Returning unlikely results from a probability distribution The Law of large numbers addresses the issue of the average result of a large number of random trials. Is there a similar law which addresses the probability of obtaining an unusual result for a large number of trials?
For instance, consider a normal probability distribution with mean 10 and standard deviation 2. I am testing a computational method which will run only if the result is above 18, that is four standard deviations off the mean and so the likelyhood of ever seeing the if condition met is very low. Therefore, to test the method I must run a very large number of trials. Just as one could expect the average value of the trials to approach 10 as more trials are performed, one could also expect that the probability of receiving the unusual result 18 to increase as more trials are performed. Is there a term for this phenomenon?
 A: You have a sequence of trials, with probability $p$ per trial of a "success" (that the simulation runs).
a) If you want P(simulation is triggered at least once in $n$ trials) that's a calculation from a binomial distribution, but you can work the probability out from first principles by working out the probability of the complementary event (no successes) and subtracting from 1.
In your case, $p = 3.167\times10^{-5}$, P(0 successes) = $(1-p)^n$, so P(at least 1 success) = $1-(1-p)^n$.
b) If you want the distribution of the number of trials to the first success that's a geometric($p$); it has mean $1/p$.

One useful rule of thumb:  The probability that you observe success at least once when $n=1/p$ is $1-(1-p)^{1/p} =1-(1-1/n)^{n} \approx 1-1/e \approx 63.2\%$.
So the expected number of trials to the first success is $1/p \approx 31574$ and the probability of at least one success in that many trials is about 63.2%
If $n$ is some multiple of $\frac{1}{p}$, $n = k\cdot\frac{1}{p}$, say, then it has an approximate probability of $1-\exp(-k)$ of seeing at least one success. 
So in 10000 trials you have about $1-\exp(-10000/31574)\approx 27\%$ chance of the simulation starting at least once.

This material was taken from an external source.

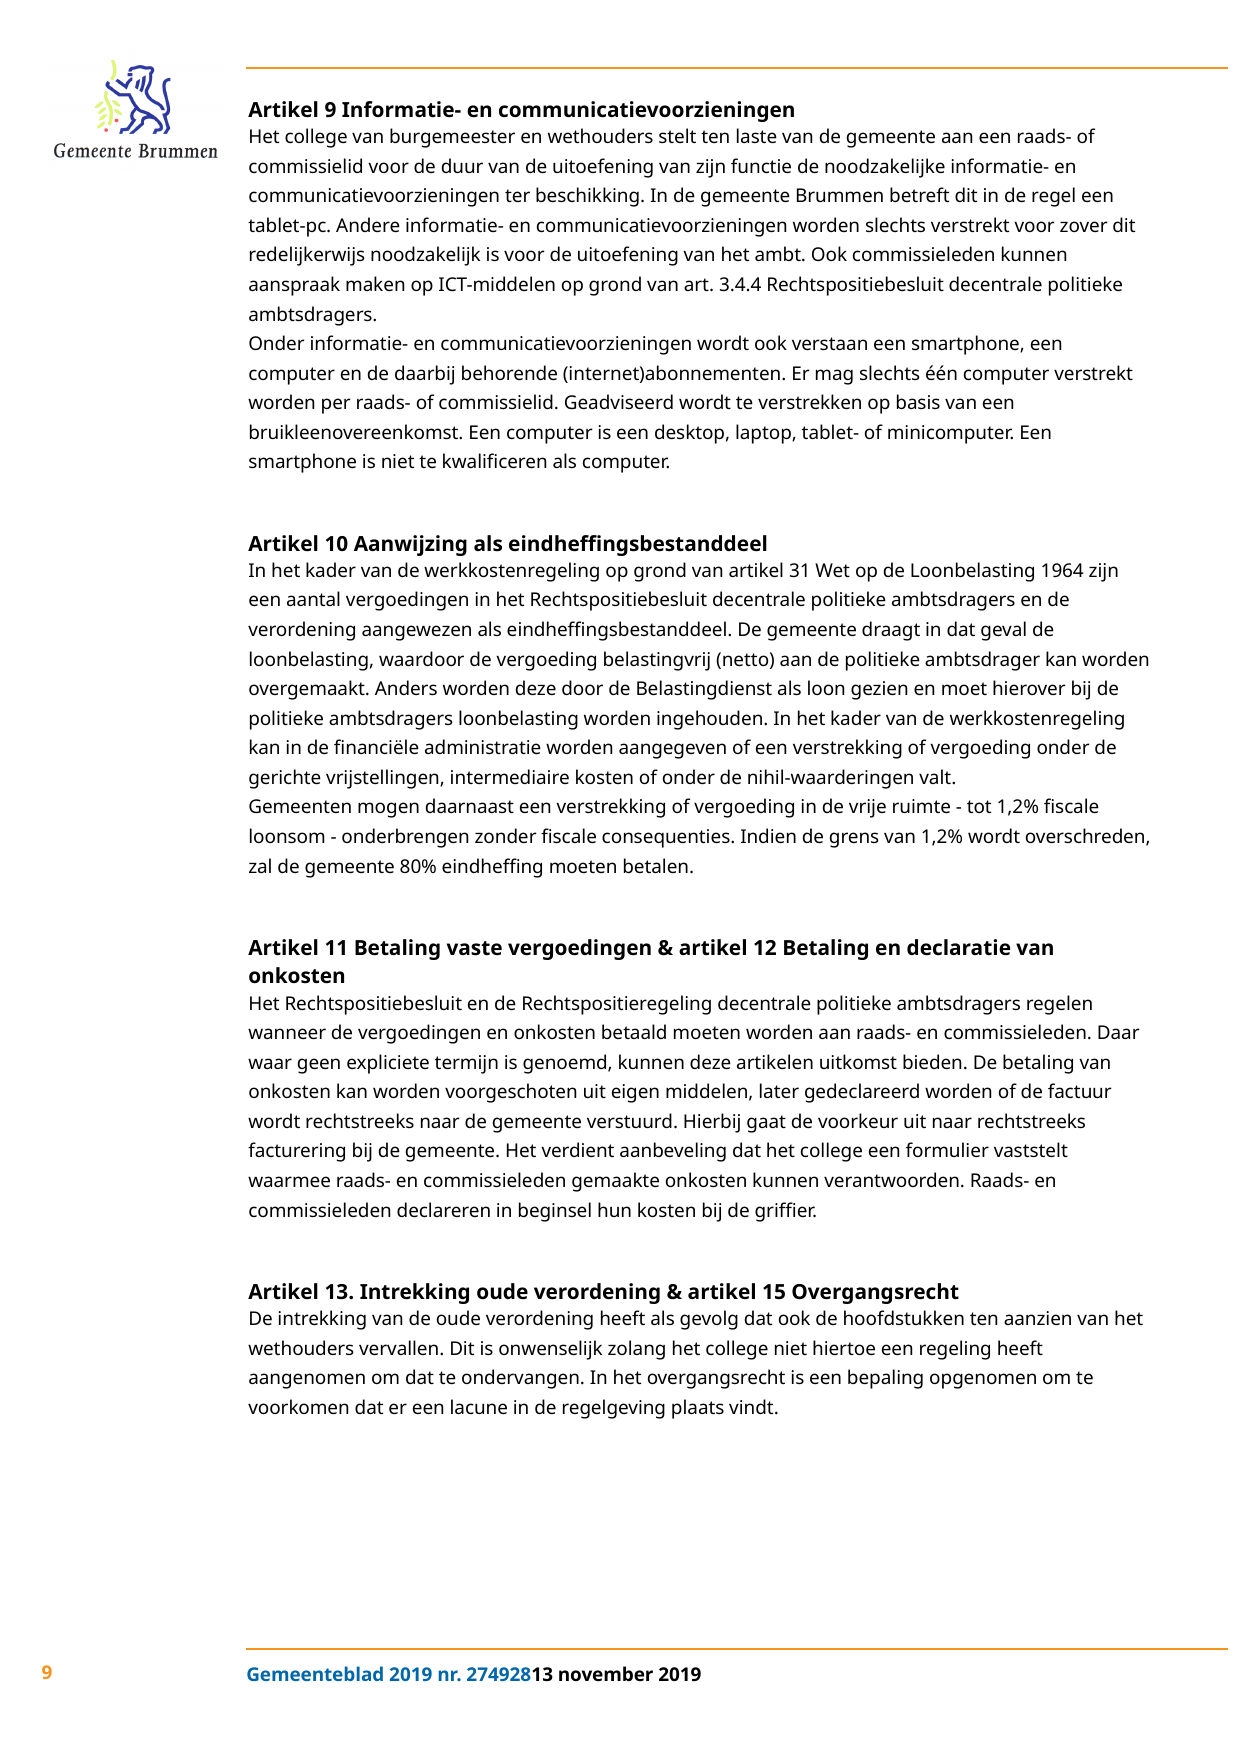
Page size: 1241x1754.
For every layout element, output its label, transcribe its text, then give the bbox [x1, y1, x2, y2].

This approximation can also be seen directly by applying the Poisson approximation to the binomial. With $n$ trials with probability of success per trial $p$, P(0 successes) = ${n}\choose{0}$$p^0(1-p)^n = (1-p)^n$, and the Poisson approximation (with $\lambda=np$) is $\exp(-\lambda)\lambda^0/0!=\exp(-np)$. 
[This approximation is also related to the one mentioned at the end of the section on related distributions in the Wikipedia page on the geometric distribution (just above "See also"), which deals with the probability that it will take more than $a$ trials to start]
--
On the terminology part of the question -- that the probability of at least one success increases as you add more trials might be called a number of things, but I don't know that it has any particularly widespread names.
A: If you want to learn about some general results (and general phenomena) for probabilities of "extreme" values, or values very far away from the mean, you should look into extreme value theory or large deviations theory.
To get you started, some links here on CV:
Extreme value theory for count data
Extreme Value Theory and heavy (long) tailed distributions
Large deviation theory exercise
A: You can use geometric distribution to reason about such events after several trials.
Let $p$ be the probability of obtaining 18 or more ($p = P(X > 18)$). Then the amount of trials $k$ until success (that is, until 18+ is generated) is distributed according to the geometric distribution:
$$
 k \sim (1-p)^{k-1} p
$$
Then you can use quantiles of that distribution to estimate how many trials you need to get this event in, say, 95% of runs. Or, just use the mean of that distribution ($\frac{1}{p}$) as the average number of trials until a rare event.